Я принял мудрое и дальновидное, а главное, очень серьезное решение, подал документы не в Москве, а в Ленинграде, не в кинематографический институт, а в театральный, не на режиссера, а на театроведа. Я рассудил здраво: с моей подготовкой, эрудицией, в общем-то, дикостью ни в какой кинорежиссерский институт меня не возьмут. А вот закончу какой-нибудь факультет, дающий о том о сем представление, подкуюсь на все четыре и поскачу в кино, тут уж меня никто не удержит. А еще я думал: кому охота идти там в какие-то театроведы, наверняка никто и не знает о таком факультете, как не знал до последнего дня и я, может, я вообще буду единственный поступающий. Мудро, хитро и дальновидно!
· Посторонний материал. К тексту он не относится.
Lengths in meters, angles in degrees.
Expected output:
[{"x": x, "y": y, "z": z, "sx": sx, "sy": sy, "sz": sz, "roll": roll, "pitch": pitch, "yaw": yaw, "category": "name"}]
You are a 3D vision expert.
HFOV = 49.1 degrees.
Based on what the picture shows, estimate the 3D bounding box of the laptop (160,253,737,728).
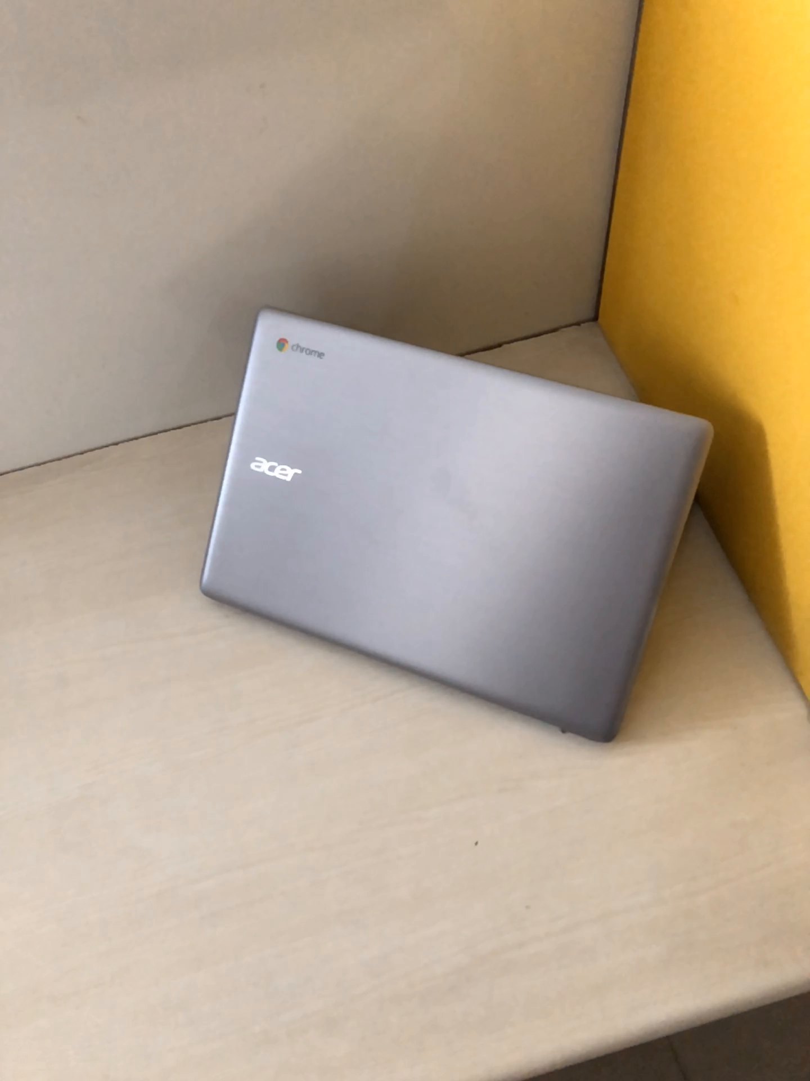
[{"x": 0.036, "y": -0.044, "z": 0.636, "sx": 0.315, "sy": 0.135, "sz": 0.222, "roll": 18, "pitch": 64, "yaw": 15, "category": "laptop"}]

Откуда я мог знать, что театроведческий факультет Ленинградского театрального института им. А. Н. Островского набирал студентов лишь раз в два года, человек по десять-пятнадцать, то есть меньше, реже, чем Московский институт кинорежиссеров. О ситуации с экзаменами, о том, что конкурс то ли двадцать три, то ли двадцать четыре человека на место, я узнал уже накануне собеседования. Перед коллоквиумом среди мраморных статуй дивного дворца на Моховой бегали узбекские, таджикские, удмуртские и якутские девушки, и казах Казубеков, принимаемый вне конкурса, с криком о помощи: «Немирович… как его?» О том, что Немировича звали Данченко, я знал твердо и был зачислен. Может, помогла наконец-то фамилия и меня тоже приняли за казаха?